More and more children are abandoned by their families in villages, and countless they wander around. And there are more and more, so the German World Hunger Aid. According to aid organizations in Afghanistan *, one million children are at risk of starvation. According to the UN, 18.8 million go hungry every day. 97 percent of the Afghan population will live in poverty by the end of the year, according to the UN. 97 percent of 38 million people.

Dr.

Freshta is the head of the clinic, she tells me that her problems start on the way to the clinic.

They gather, three or four women, in one place, and then together make their way past the Taliban checkpoints.

If they were alone, the Taliban would ask for someone to accompany them, a male one.

The Taliban have neither allowed nor forbidden her to work as a doctor.

"I don't think about that either, I work for the people here in this country as long as I can."

Medical supplies are dwindling, salaries are no longer paid: Great need in Afghanistan

Dr. Freshta confirms to me that, just like in the clinic in Kandahar, people cannot pay for medical care: “Many women who previously had an income have lost their jobs. Lots of the men too. Or they are not paid a salary. The patients who come to us at the clinic have to buy the medicine that we prescribe for them from the pharmacy themselves. Most of them don't pick up the medication. A woman came yesterday, she was so weak and in miserable condition, I asked her why she came so late, she said she had no money to pay for the car to the clinic. "
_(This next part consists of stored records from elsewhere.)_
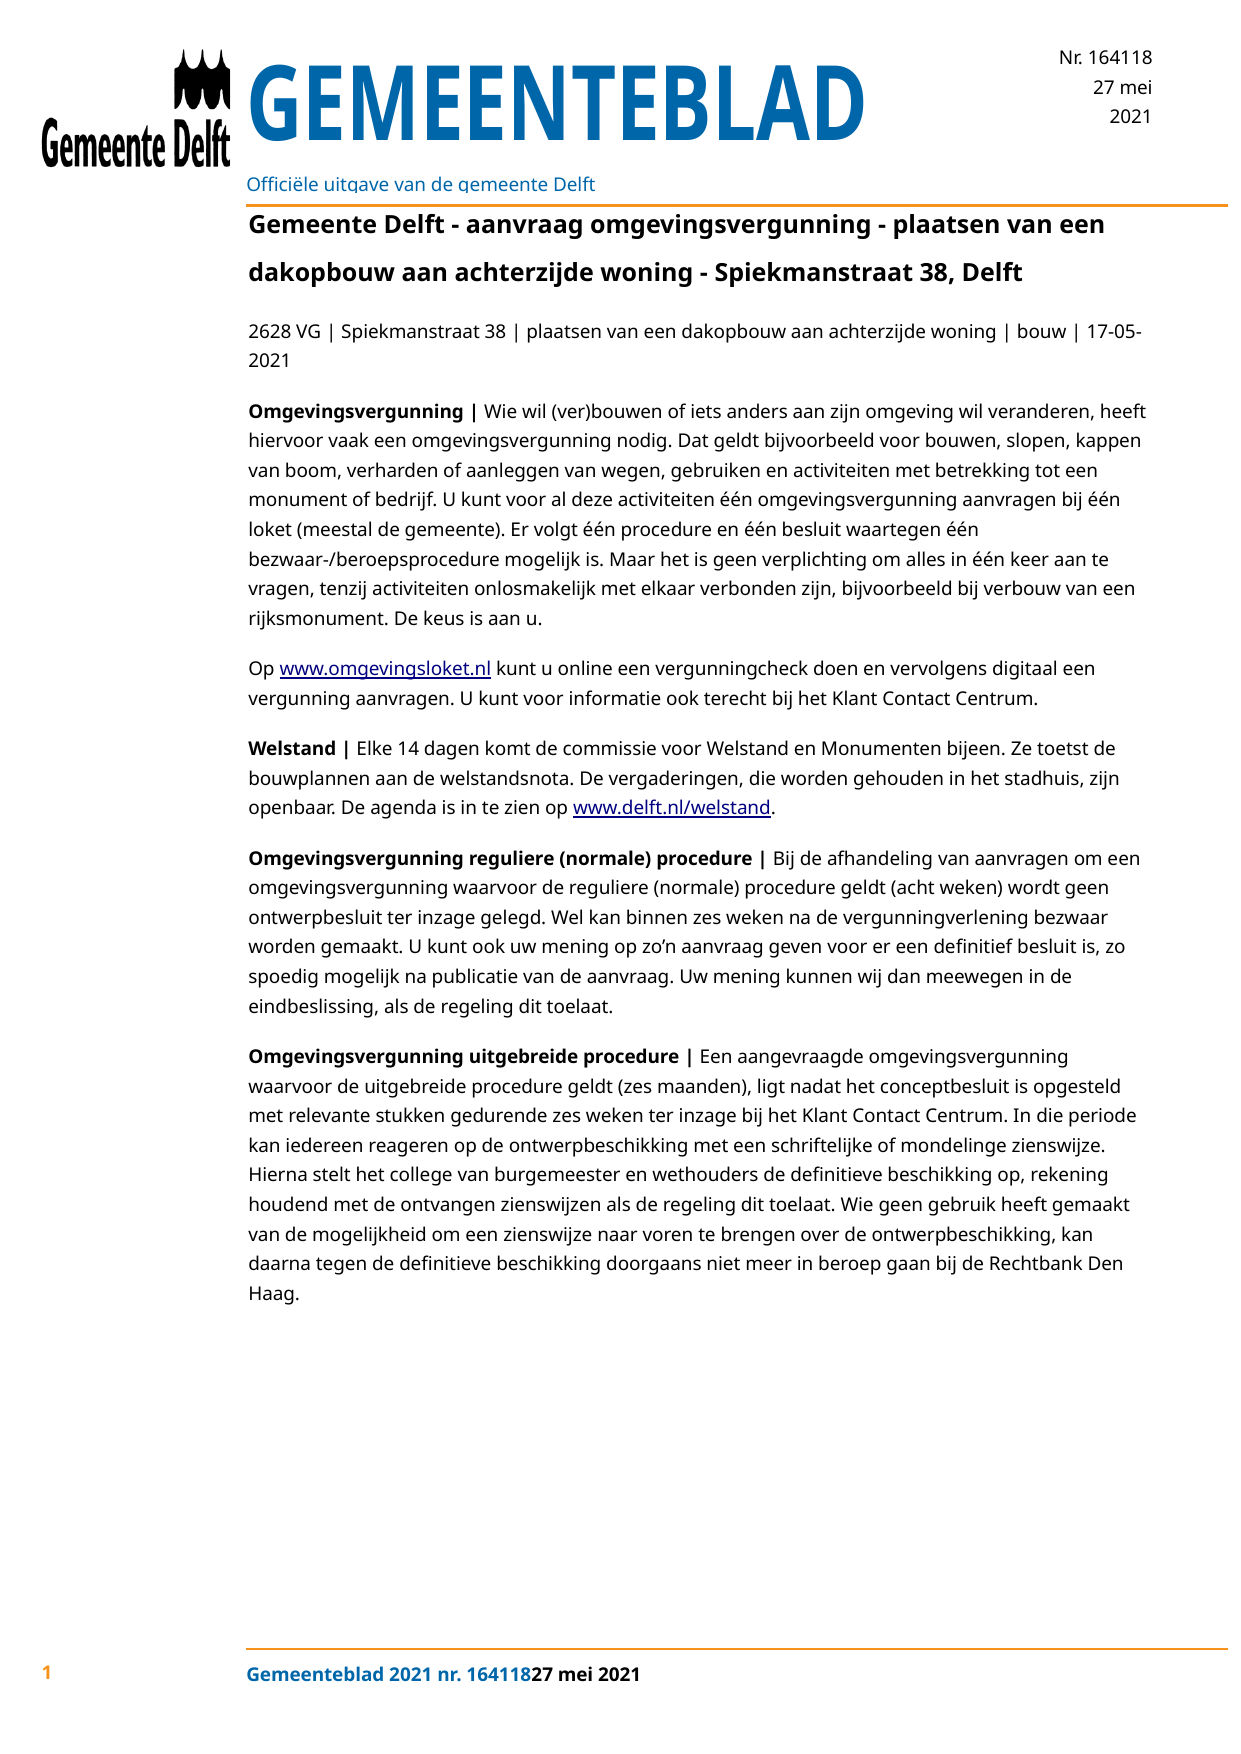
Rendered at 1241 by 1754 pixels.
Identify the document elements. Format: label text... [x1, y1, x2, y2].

text Op www.omgevingsloket.nl kunt u online een vergunningcheck doen en vervolgens digitaal een vergunning aanvragen. U kunt voor informatie ook terecht bij het Klant Contact Centrum. [248, 655, 1152, 711]
text Omgevingsvergunning | Wie wil (ver)bouwen of iets anders aan zijn omgeving wil veranderen, heeft hiervoor vaak een omgevingsvergunning nodig. Dat geldt bijvoorbeeld voor bouwen, slopen, kappen van boom, verharden of aanleggen van wegen, gebruiken en activiteiten met betrekking tot een monument of bedrijf. U kunt voor al deze activiteiten één omgevingsvergunning aanvragen bij één loket (meestal de gemeente). Er volgt één procedure en één besluit waartegen één bezwaar-/beroepsprocedure mogelijk is. Maar het is geen verplichting om alles in één keer aan te vragen, tenzij activiteiten onlosmakelijk met elkaar verbonden zijn, bijvoorbeeld bij verbouw van een rijksmonument. De keus is aan u. [248, 398, 1152, 631]
text 2628 VG | Spiekmanstraat 38 | plaatsen van een dakopbouw aan achterzijde woning | bouw | 17-05-2021 [248, 318, 1152, 373]
text Welstand | Elke 14 dagen komt de commissie voor Welstand en Monumenten bijeen. Ze toetst de bouwplannen aan de welstandsnota. De vergaderingen, die worden gehouden in het stadhuis, zijn openbaar. De agenda is in te zien op www.delft.nl/welstand. [248, 735, 1152, 820]
text Omgevingsvergunning uitgebreide procedure | Een aangevraagde omgevingsvergunning waarvoor de uitgebreide procedure geldt (zes maanden), ligt nadat het conceptbesluit is opgesteld met relevante stukken gedurende zes weken ter inzage bij het Klant Contact Centrum. In die periode kan iedereen reageren op de ontwerpbeschikking met een schriftelijke of mondelinge zienswijze. Hierna stelt het college van burgemeester en wethouders de definitieve beschikking op, rekening houdend met de ontvangen zienswijzen als de regeling dit toelaat. Wie geen gebruik heeft gemaakt van de mogelijkheid om een zienswijze naar voren te brengen over de ontwerpbeschikking, kan daarna tegen de definitieve beschikking doorgaans niet meer in beroep gaan bij de Rechtbank Den Haag. [248, 1043, 1152, 1306]
text Omgevingsvergunning reguliere (normale) procedure | Bij de afhandeling van aanvragen om een omgevingsvergunning waarvoor de reguliere (normale) procedure geldt (acht weken) wordt geen ontwerpbesluit ter inzage gelegd. Wel kan binnen zes weken na de vergunningverlening bezwaar worden gemaakt. U kunt ook uw mening op zo’n aanvraag geven voor er een definitief besluit is, zo spoedig mogelijk na publicatie van de aanvraag. Uw mening kunnen wij dan meewegen in de eindbeslissing, als de regeling dit toelaat. [248, 845, 1152, 1019]
picture [41, 47, 231, 172]
text Gemeente Delft - aanvraag omgevingsvergunning - plaatsen van een dakopbouw aan achterzijde woning - Spiekmanstraat 38, Delft [248, 207, 1152, 288]
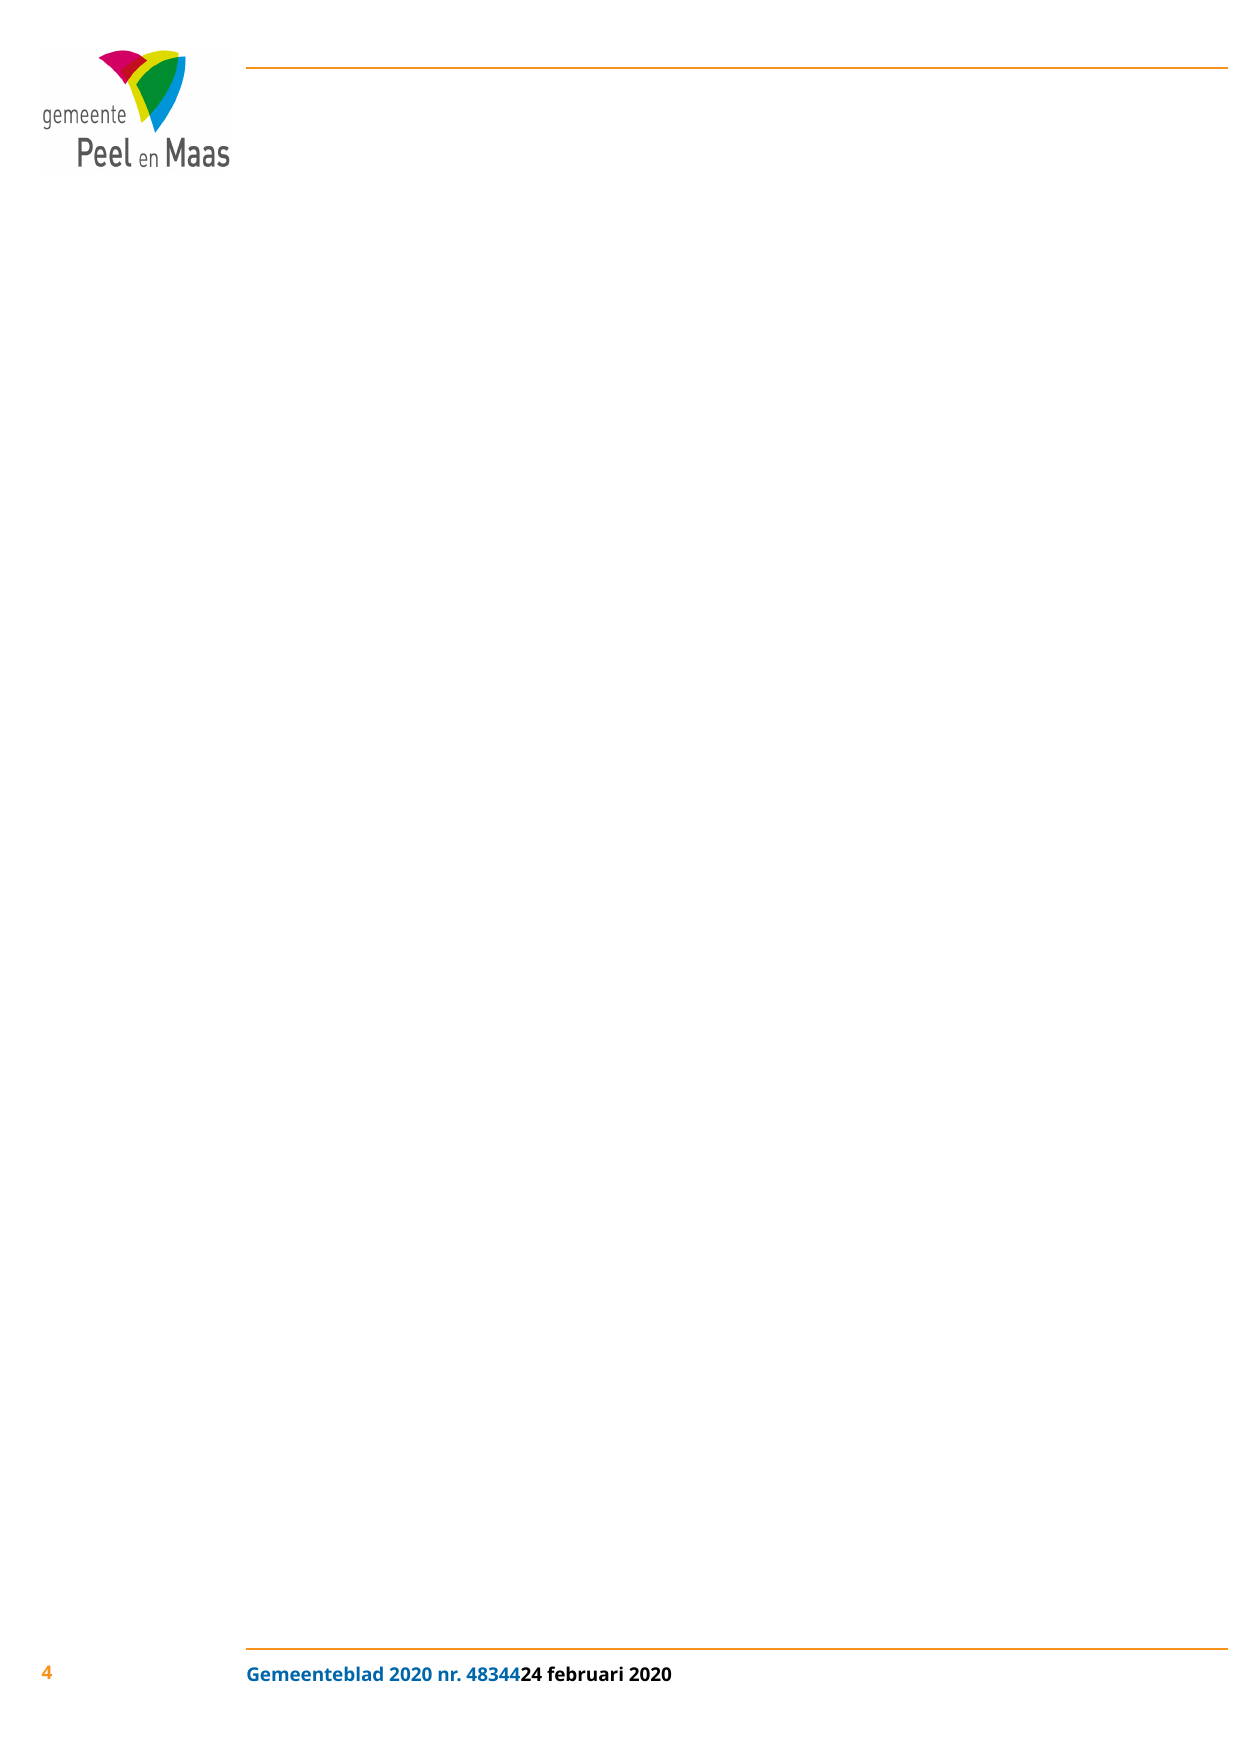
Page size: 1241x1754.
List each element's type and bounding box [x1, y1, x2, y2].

picture [41, 47, 231, 172]
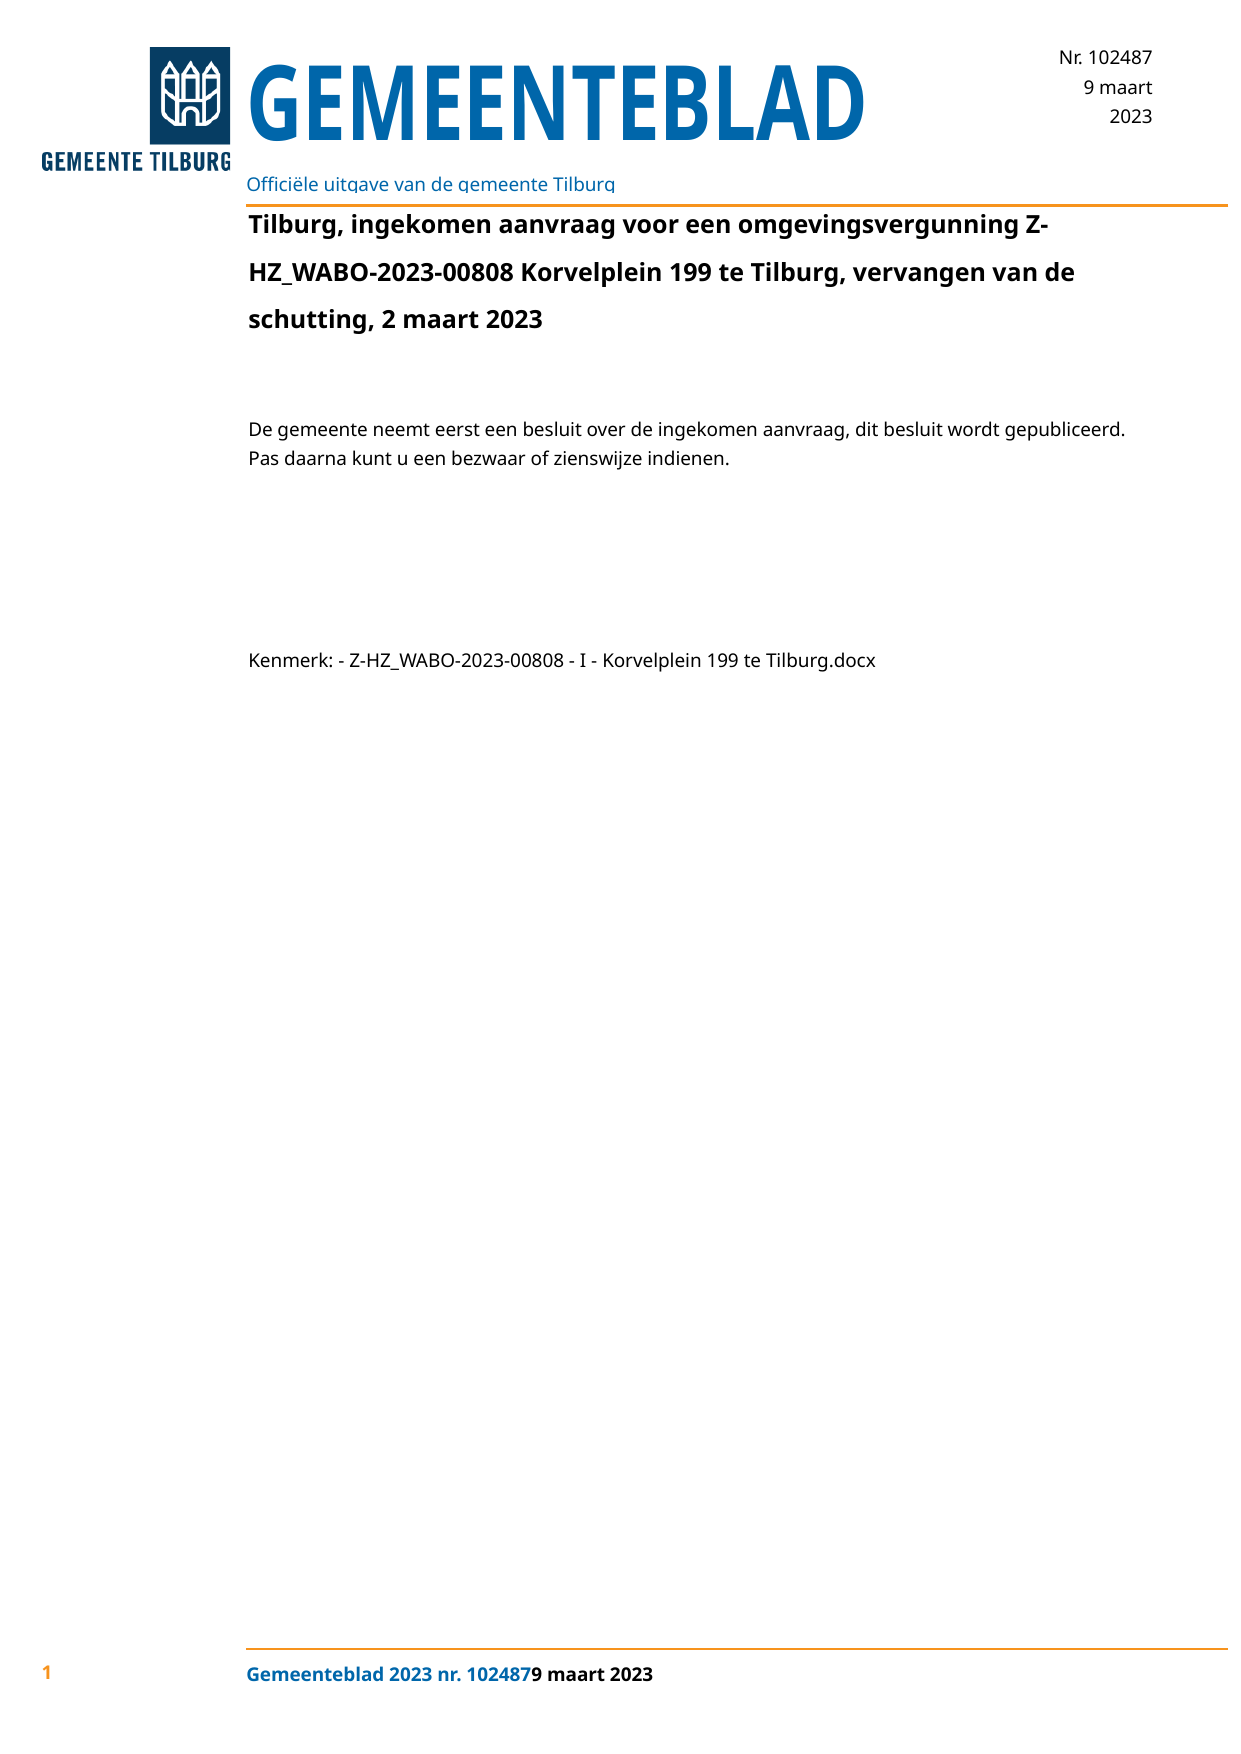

“Our stocks of medicine that come from abroad are shrinking.

Nothing follows.

I don't know how to proceed.

We don't have our own pharmaceutical production in Afghanistan, we are 100 percent dependent on other countries, ”reports Dr.

Freshta.

Many thousands of projects and aid cooperation with Afghanistan have been stopped since the Taliban came to power.

A project that the Dewanbegi day clinic set up with GIZ will also not be continued.

From January 1, 2022, this project will be put on hold, Dr.

Wardak with.

How to provide aid without supporting the Taliban?

Even then, numerous hurdles for aid in Afghanistan

At the moment the federal government is looking for ways to provide aid without directly supporting the Taliban.

Because one is still waiting for the promise of the new rulers to protect the rights of women.

And not just their rights.

Even when it comes to aid payments to non-governmental organizations, billions have already been pledged, this is difficult, because payments are almost impossible due to US financial sanctions.

And when it does, the money only arrives in Afghan accounts in a roundabout way.

But the Taliban are causing the next problem: Because of the shortage of money, you are not allowed to withdraw more than 25,000 euros per month.

And even this amount is not certain that it can be paid out at all.

Because there is no money.

(Natalie Amiri) * Merkur.de is an offer from IPPEN.MEDIA.

Donation

account for the Afghan day clinic

in the Dewanbegi district in the west of Kabul: Afghanic eV, Sparkasse KölnBonn, IBAN: DE59 3705 0198 1902 083 896.

7 days in Afghanistan: Afghan Diary by Natalie Amiri 

We are all still aware of the tragic images of the days around August 30, 2021 that accompanied the withdrawal of international troops from Afghanistan.

Thousands of people desperately tried to get on one of the planes at Kabul airport to travel west.

They did not want to live in an Afghanistan ruled by the Taliban again.

Few of them were lucky enough to get a seat on board. 

Since then, the Taliban have ruled the torn and impoverished country, which many observers are predicting a humanitarian catastrophe this winter.

Natalie Amiri, international correspondent, kept an impressive diary during her most recent research stay for her new book (to be published on March 14, 2022) in Afghanistan.

IPPEN.MEDIA publishes the diary of their trip in seven parts both online and in print in some titles such as Münchner Merkur or Frankfurter Rundschau.

Source: merkur

All news articles on 2021-12-22

You may like

Trends 24h

Latest

© Communities 2019 - Privacy

The information on this site is from external sources that are not under our control.
The inclusion of any links does not necessarily imply a recommendation or endorse the views expressed within them.